Your objective: Taking the entries below from the top, restate each line exactly and end with the line containing "name: (x, y, z, sx, sy, sz, roll, pitch, yaw)".

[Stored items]

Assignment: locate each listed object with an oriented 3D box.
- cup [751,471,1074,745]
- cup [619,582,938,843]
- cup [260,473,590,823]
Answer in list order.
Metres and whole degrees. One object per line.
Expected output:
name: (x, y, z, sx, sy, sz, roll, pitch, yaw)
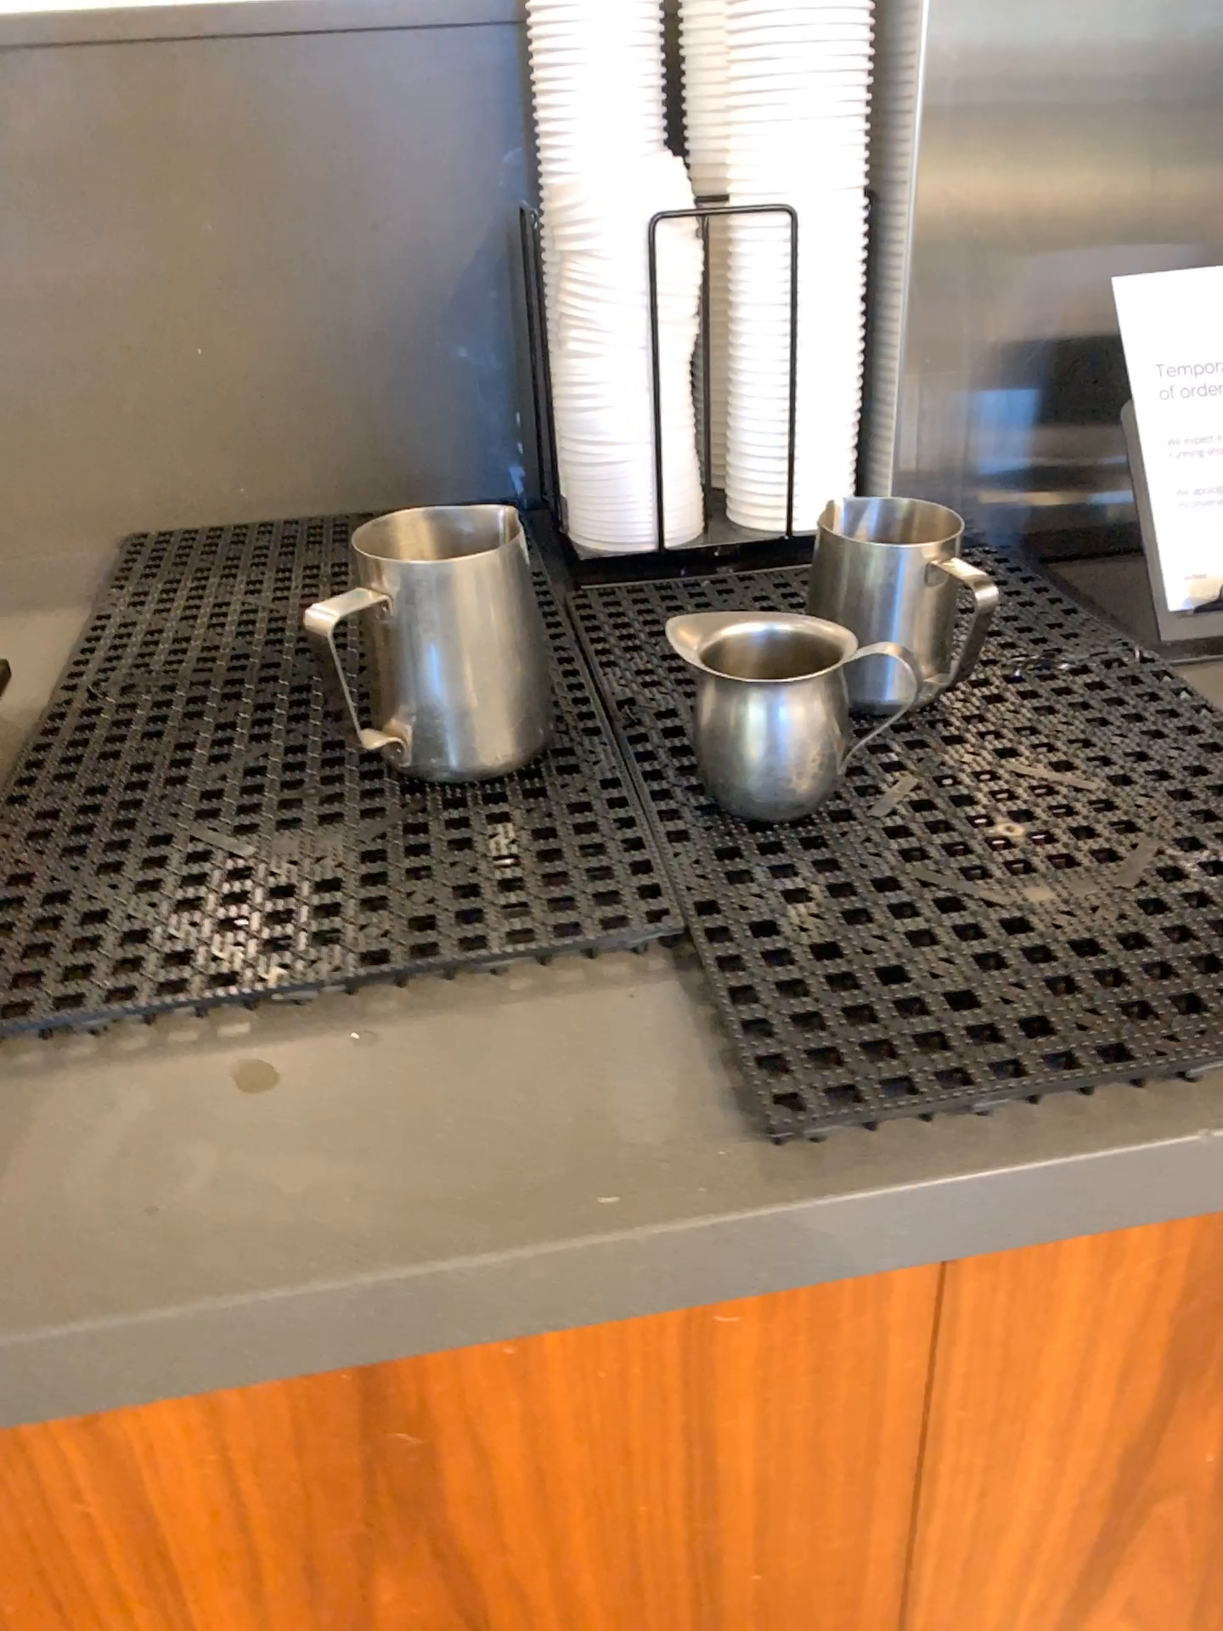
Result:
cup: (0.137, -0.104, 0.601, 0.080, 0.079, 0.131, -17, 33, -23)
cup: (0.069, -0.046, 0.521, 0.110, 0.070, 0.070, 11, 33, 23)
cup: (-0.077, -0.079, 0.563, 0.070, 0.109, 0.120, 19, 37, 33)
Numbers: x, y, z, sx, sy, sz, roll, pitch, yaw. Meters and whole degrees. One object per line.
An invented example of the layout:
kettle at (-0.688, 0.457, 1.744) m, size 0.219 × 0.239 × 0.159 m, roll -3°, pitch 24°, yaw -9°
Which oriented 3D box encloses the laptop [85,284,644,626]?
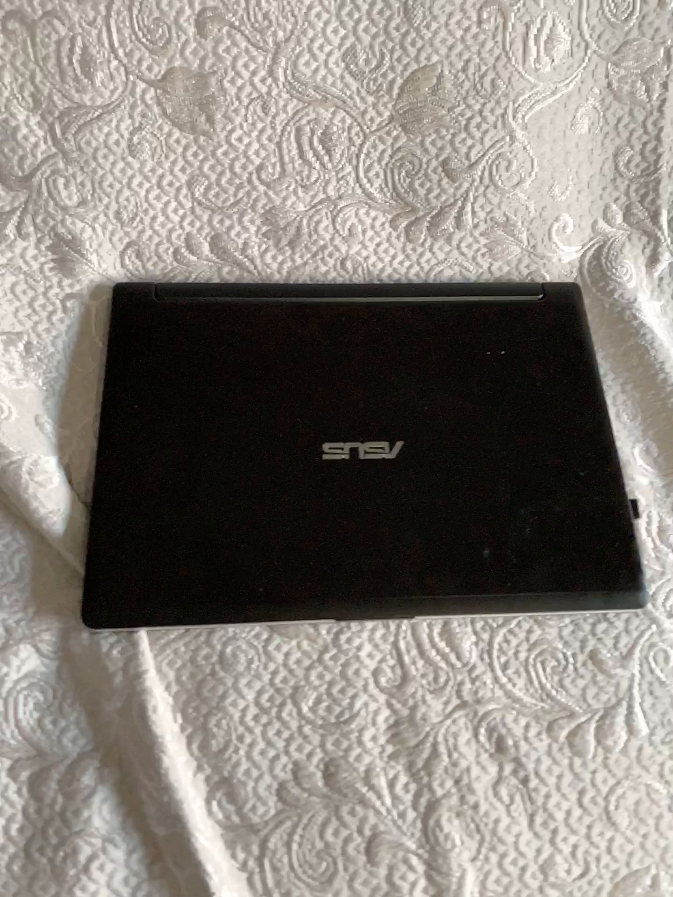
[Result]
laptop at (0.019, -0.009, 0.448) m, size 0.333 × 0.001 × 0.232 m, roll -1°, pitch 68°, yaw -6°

Result for this exercise:
Assignment: locate each listed object with an oriented 3D box.
- cup [751,471,1074,745]
- cup [619,582,938,843]
- cup [260,473,590,823]
Answer in list order.
Metres and whole degrees. One object per line.
Expected output:
name: (x, y, z, sx, sy, sz, roll, pitch, yaw)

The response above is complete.